**Input data:**

━━━━

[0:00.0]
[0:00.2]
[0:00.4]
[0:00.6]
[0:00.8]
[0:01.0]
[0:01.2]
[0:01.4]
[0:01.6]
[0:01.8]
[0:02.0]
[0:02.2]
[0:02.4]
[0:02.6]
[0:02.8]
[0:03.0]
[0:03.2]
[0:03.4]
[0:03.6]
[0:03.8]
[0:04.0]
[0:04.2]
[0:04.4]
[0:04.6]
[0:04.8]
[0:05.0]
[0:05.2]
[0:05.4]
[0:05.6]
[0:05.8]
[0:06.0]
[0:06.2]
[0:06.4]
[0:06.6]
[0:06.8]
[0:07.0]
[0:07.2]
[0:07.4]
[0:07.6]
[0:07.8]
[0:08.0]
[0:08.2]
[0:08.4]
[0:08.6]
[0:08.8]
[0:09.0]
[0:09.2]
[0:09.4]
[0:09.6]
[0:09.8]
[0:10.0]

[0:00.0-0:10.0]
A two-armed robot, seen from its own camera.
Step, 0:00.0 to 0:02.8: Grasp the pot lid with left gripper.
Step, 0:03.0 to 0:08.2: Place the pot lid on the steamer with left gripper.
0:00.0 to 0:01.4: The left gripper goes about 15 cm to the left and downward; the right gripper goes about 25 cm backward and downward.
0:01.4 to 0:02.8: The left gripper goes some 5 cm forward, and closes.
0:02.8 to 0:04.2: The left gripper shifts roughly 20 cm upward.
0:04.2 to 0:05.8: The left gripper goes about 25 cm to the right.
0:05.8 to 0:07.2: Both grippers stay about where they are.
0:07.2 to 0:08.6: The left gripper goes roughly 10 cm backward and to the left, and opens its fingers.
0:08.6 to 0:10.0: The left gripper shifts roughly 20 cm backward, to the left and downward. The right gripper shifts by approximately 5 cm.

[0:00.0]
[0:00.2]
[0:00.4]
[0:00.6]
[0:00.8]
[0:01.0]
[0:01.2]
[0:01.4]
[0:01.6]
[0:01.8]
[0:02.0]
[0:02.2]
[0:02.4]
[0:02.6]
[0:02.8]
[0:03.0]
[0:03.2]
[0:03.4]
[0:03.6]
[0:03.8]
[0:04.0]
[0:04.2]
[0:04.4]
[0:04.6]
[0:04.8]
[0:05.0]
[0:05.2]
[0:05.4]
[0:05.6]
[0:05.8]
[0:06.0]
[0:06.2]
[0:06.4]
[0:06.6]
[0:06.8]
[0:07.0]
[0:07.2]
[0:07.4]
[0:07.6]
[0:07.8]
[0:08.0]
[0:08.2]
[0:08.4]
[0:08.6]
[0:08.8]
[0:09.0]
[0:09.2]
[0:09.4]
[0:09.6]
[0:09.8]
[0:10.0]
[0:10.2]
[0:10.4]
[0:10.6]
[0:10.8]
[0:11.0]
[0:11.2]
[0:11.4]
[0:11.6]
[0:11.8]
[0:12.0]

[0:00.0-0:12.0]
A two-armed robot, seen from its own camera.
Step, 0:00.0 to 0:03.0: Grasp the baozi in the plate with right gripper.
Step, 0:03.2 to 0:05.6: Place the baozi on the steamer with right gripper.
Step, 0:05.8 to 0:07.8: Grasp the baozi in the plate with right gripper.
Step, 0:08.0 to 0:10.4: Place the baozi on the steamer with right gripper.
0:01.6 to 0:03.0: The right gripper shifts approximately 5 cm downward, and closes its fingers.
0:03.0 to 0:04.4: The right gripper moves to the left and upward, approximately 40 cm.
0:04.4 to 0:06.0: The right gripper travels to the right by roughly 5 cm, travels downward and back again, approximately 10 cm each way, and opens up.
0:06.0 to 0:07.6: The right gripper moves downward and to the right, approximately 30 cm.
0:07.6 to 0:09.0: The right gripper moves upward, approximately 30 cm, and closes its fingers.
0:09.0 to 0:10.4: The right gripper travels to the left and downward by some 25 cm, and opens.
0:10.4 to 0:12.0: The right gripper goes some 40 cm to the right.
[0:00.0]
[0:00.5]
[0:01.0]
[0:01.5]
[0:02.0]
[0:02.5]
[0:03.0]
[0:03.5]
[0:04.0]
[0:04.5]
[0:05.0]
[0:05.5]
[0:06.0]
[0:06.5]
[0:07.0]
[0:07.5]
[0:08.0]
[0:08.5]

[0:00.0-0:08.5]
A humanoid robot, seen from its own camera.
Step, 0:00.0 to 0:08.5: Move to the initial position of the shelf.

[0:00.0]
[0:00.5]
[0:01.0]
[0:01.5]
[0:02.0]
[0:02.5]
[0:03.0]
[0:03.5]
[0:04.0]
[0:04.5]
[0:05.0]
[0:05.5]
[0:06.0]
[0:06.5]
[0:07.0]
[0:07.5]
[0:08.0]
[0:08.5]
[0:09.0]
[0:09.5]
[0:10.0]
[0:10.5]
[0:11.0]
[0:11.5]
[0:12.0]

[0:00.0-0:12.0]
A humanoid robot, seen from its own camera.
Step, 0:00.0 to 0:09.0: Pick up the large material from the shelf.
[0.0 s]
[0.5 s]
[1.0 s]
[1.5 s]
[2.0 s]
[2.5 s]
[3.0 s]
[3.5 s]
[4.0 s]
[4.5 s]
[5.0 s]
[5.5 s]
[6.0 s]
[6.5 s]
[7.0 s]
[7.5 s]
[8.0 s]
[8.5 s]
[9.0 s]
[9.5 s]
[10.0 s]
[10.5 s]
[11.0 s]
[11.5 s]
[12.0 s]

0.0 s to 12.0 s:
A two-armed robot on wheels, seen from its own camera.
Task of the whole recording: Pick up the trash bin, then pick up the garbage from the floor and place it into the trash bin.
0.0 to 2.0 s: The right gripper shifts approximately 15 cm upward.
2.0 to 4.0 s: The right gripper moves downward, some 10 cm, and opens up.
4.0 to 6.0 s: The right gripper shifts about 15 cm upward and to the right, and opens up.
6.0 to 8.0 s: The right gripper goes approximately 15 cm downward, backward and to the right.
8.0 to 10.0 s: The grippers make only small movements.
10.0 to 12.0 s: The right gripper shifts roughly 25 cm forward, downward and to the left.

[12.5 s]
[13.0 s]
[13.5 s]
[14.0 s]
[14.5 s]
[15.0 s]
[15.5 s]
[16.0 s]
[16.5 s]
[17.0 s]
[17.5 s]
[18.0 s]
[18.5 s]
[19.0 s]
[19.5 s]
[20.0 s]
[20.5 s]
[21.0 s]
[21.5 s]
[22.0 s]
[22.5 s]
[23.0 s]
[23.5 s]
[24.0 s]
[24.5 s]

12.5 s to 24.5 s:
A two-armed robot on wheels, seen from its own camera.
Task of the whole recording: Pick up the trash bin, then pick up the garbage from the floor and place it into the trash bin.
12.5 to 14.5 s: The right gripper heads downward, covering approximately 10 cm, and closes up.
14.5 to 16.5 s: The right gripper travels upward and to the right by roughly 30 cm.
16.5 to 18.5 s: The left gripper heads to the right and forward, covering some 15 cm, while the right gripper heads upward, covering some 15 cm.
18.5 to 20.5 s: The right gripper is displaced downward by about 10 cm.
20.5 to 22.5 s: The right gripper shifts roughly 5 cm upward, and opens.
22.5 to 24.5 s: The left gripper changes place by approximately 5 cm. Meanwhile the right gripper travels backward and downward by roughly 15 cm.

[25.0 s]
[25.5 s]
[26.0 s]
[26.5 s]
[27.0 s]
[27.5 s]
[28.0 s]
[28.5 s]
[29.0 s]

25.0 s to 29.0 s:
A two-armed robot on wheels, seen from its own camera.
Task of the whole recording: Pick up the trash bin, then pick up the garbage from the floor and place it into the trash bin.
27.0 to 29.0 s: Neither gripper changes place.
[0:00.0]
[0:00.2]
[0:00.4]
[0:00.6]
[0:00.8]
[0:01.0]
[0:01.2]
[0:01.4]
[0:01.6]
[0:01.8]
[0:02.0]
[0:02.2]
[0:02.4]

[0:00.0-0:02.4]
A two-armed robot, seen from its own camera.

━━━━

**Exercise prompt:** Starting with the first line of the records above, give back each line exactly until the line with "[0:00.0-0:10.0]" has been given as well.

**Task output:**
[0:00.0]
[0:00.2]
[0:00.4]
[0:00.6]
[0:00.8]
[0:01.0]
[0:01.2]
[0:01.4]
[0:01.6]
[0:01.8]
[0:02.0]
[0:02.2]
[0:02.4]
[0:02.6]
[0:02.8]
[0:03.0]
[0:03.2]
[0:03.4]
[0:03.6]
[0:03.8]
[0:04.0]
[0:04.2]
[0:04.4]
[0:04.6]
[0:04.8]
[0:05.0]
[0:05.2]
[0:05.4]
[0:05.6]
[0:05.8]
[0:06.0]
[0:06.2]
[0:06.4]
[0:06.6]
[0:06.8]
[0:07.0]
[0:07.2]
[0:07.4]
[0:07.6]
[0:07.8]
[0:08.0]
[0:08.2]
[0:08.4]
[0:08.6]
[0:08.8]
[0:09.0]
[0:09.2]
[0:09.4]
[0:09.6]
[0:09.8]
[0:10.0]

[0:00.0-0:10.0]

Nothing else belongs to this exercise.